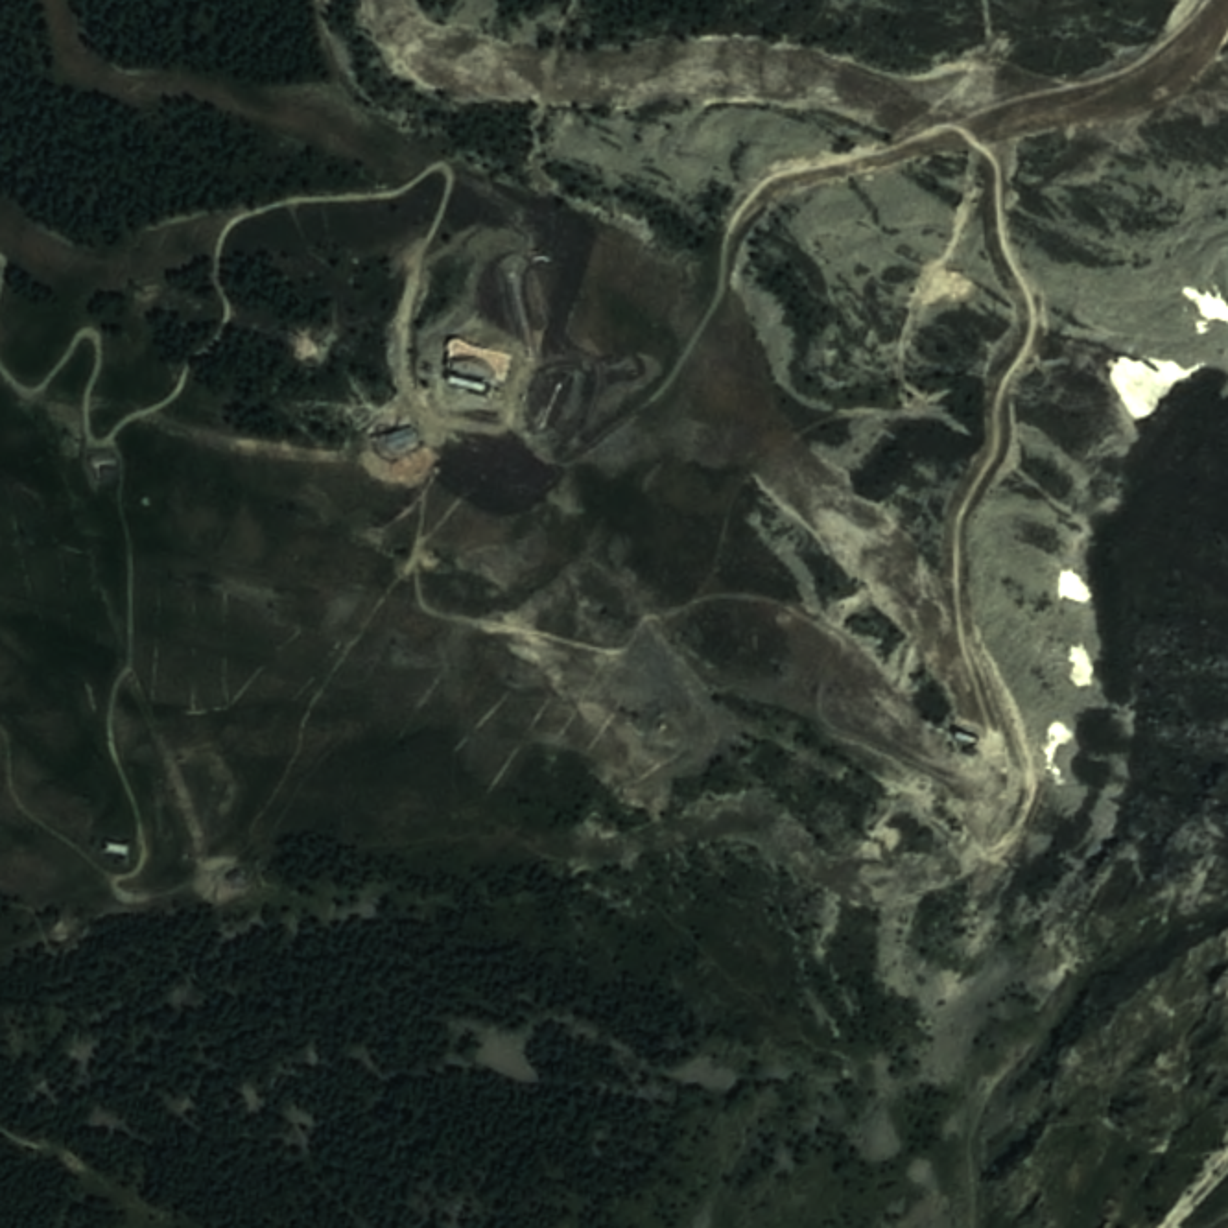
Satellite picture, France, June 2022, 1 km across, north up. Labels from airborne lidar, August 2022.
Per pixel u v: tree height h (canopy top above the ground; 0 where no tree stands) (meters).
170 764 0
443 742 0
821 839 9
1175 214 0
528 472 0
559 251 0
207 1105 19
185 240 0
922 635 0
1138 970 0
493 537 0
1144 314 0
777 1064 0
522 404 0
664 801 0
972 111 0
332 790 0
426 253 0
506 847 0
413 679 0
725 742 0
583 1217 17
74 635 0
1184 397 0
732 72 0
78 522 0
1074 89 0
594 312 0
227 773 0
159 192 15
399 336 0
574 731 0
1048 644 0
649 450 0
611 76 0
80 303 0
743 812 0
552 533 0
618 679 0
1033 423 0
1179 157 0
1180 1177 0
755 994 0
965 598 0
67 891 0
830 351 0
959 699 0
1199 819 0
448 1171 17
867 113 0
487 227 0
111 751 0
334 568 0
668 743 0
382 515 0
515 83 0
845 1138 14
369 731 0
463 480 0
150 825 0
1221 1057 0
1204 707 0
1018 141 0
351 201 0
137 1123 19
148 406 0
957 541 0
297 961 16
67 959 7
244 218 0
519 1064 0
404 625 0
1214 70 0
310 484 0
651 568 0
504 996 13
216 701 0
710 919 0
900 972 0
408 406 0
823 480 0
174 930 13
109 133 19
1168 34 0
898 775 0
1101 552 0
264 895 0
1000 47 0
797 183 0
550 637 0
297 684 0
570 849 0
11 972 10
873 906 0
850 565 0
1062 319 0
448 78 0
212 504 0
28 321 0
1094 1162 0
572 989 10
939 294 0
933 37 0
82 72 0
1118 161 0
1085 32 0
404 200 0
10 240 0
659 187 0
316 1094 19
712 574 0
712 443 0
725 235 0
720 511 0
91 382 0
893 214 0
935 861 0
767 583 0
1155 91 0
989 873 0
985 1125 0
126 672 0
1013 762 0
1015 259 0
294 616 0
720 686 0
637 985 9
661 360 0
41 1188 13
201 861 0
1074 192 0
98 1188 0
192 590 0
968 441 0
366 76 12
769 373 0
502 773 0
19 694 0
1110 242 0
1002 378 0
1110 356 0
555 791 0
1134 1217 0
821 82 0
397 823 0
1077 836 0
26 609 0
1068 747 0
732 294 0
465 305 0
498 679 0
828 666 0
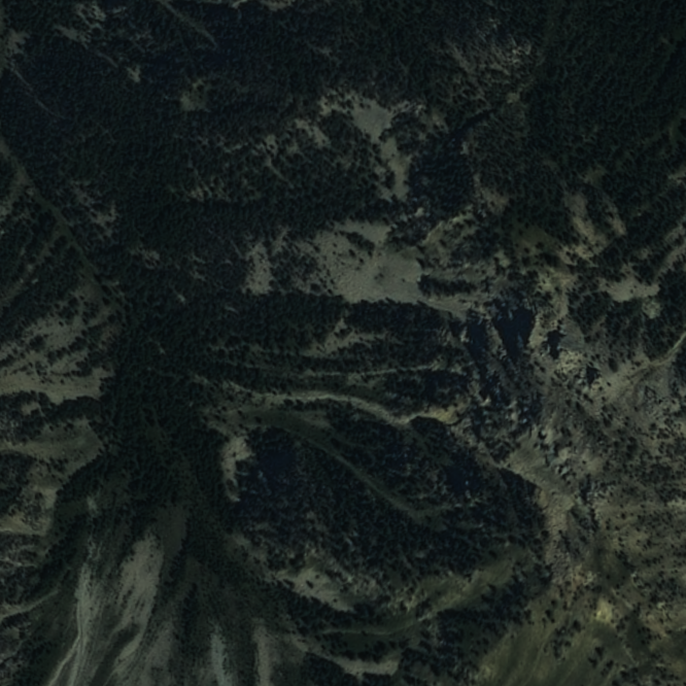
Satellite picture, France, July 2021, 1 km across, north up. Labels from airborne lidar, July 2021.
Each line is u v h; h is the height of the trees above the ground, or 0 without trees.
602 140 15
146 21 13
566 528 0
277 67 16
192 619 14
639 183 15
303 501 9
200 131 12
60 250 20
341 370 14
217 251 10
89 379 0
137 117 16
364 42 18
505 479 11
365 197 12
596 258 11
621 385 0
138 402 17
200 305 16
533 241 0
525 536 8
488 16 9
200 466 16
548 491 0
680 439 7
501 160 9
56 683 0
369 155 13
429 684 0
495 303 0
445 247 13
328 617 18
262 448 19
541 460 0
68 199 17
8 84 20
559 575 0
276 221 13
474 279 0
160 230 21
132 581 0
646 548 11
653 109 17
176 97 10
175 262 8
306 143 6
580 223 0
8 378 0
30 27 17
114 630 0
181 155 11
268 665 0
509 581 0
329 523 16
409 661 16
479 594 0
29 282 10
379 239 0
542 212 9
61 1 20
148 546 0
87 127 16
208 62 18
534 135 8
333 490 7
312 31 12
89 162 18
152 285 17
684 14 17
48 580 13
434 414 0
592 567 0
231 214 20
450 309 0
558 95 20
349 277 0
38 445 0
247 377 11
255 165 18
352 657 18
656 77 11
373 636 0
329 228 10
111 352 19
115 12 10
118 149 16
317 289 14
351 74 9
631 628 0
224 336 21
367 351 10
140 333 15
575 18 9
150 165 21
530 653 0
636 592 0
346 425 17
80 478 19
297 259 15
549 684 0
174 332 28
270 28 20
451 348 6
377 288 0
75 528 18
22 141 15
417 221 10
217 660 0
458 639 16
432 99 13
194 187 18
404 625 0
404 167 0
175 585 12
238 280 16
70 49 18
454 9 14
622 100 14
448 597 0
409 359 12
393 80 12
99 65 12
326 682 10
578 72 19
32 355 0
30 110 11
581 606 0
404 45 22
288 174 16
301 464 22
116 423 18
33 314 15
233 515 17
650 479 8
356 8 10
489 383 6
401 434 7
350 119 8
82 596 0
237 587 6
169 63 16
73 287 16
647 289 0
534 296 9
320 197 24
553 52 9
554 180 7
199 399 14
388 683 11
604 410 6
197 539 11
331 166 16
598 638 0
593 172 7
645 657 0
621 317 7
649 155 11
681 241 13
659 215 6
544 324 13
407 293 0
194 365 14
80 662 0
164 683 0
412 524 10
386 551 8
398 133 13
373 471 11
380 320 15
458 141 8
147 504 18
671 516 7
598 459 0
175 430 12
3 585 13
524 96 9
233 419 0
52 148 14
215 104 17
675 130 0
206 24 12
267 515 16
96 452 0
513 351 0
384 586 31
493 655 0
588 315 7
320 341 16
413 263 0
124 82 7
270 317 19
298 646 0
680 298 24
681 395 8
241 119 8
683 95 18
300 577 0
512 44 9
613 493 11
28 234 17
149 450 18
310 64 21
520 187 15
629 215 15
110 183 16
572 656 0
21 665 8
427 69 20
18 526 0
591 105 8
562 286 0
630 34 14
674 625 0
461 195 13
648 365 0
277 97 10
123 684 0
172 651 0
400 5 17
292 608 10
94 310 11
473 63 0
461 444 6
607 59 12
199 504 8
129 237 19
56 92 15
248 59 15
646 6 21
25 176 0
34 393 15
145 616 0
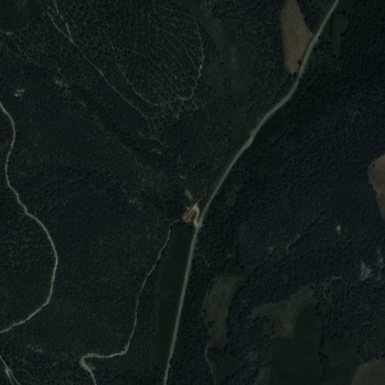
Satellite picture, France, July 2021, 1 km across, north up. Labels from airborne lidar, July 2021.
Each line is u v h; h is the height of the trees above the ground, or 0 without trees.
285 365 0
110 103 7
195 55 9
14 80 11
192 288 7
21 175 6
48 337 9
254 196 14
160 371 16
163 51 8
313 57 0
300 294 0
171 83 12
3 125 11
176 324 0
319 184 11
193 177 12
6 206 17
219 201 10
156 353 0
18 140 11
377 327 11
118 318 8
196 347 14
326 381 0
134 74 11
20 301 6
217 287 0
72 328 10
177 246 0
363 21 12
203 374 12
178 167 12
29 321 7
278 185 12
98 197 10
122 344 9
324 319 13
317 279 13
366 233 11
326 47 9
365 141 16
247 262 11
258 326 19
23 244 8
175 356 15
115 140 6
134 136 8
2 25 6
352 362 0
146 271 9
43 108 11
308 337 0
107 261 8
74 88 10
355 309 10
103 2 13
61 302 8
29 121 8
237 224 8
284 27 0
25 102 10
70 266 9
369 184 8
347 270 12
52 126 9
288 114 16
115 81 9
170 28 11
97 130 8
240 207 10
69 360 9
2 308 7
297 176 13
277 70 14
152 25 9
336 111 7
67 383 13
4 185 15
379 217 10
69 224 14
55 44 11
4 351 9
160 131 11
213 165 12
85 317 9
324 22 0
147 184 6
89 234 10
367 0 18
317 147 9
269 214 6
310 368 0
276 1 11
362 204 11
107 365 13
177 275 0
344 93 12
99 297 12
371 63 26
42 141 7
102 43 14
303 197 12
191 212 0
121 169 7
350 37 9
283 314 0
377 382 0
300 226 11
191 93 7
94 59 13
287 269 15
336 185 9
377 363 0
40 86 14
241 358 14
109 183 9
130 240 7
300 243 11
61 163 9
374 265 8
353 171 11
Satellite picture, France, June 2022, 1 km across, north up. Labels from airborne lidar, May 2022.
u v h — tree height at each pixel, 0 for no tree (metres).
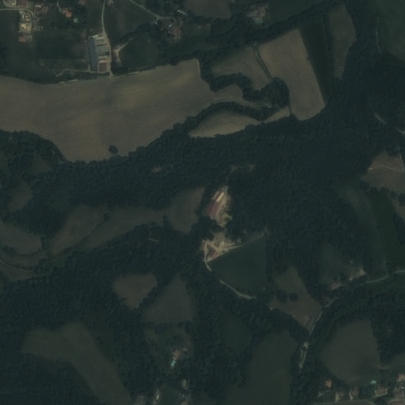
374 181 0
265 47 0
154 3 21
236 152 16
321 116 17
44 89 0
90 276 23
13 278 0
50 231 19
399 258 0
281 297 17
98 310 20
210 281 24
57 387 15
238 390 0
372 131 25
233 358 12
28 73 0
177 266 24
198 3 0
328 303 9
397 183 0
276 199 19
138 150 12
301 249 29
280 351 0
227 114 0
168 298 0
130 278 0
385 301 31
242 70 0
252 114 11
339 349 0
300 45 0
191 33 0
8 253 18
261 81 0
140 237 19
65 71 0
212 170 9
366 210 0
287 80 0
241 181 26
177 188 12
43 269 25
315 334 13
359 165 14
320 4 10
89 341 0
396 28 0
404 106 0
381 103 8
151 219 0
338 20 0
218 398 9
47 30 0
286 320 20
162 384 9
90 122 0
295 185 30
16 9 0
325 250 0
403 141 12
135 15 0
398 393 0
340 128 20
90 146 0
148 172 23
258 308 19
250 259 0
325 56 0
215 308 28
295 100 0
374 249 0
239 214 22
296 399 12
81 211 0
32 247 0
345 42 0
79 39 0
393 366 0
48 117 0
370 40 22
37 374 19
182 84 0
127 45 0
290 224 26
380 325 23
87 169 19
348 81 21
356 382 0
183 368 13
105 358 0
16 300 27
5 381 16
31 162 23
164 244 20
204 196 10
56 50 0
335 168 20
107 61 0
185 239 20
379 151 25
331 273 0
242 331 0
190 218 0
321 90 0
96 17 0
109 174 23
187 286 8
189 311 0
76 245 0
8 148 31
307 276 10
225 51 19
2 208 24
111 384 0
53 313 24
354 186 0
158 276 17
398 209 0
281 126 20
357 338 0
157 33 23
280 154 23
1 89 0
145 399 0
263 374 0
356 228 21
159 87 0
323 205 28
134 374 28
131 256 18
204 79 13
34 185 7
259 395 0
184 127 15
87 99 0
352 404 0
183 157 8
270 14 0
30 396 17
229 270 0
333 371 0
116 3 0
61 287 10
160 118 0
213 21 18
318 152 19
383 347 10
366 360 0
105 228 0
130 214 0
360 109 17
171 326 8
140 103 0
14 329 24
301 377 24
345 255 10
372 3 0
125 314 31
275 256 10
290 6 0
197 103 0
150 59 0
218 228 24
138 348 10
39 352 0
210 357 21
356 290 8
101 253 17
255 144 30
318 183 17
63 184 12
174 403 0
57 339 0
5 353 20
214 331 24
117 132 0
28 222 18
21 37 0
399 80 23
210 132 0
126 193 18
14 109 0
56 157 11
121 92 0
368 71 21
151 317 0
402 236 17
■ ■ ■
### Directions for this task:
Write out every line of the data that holds the word "Labels".

### Reply to the task:
Satellite picture, France, June 2022, 1 km across, north up. Labels from airborne lidar, August 2022.
Satellite picture, France, July 2021, 1 km across, north up. Labels from airborne lidar, July 2021.
Satellite picture, France, July 2021, 1 km across, north up. Labels from airborne lidar, July 2021.
Satellite picture, France, June 2022, 1 km across, north up. Labels from airborne lidar, May 2022.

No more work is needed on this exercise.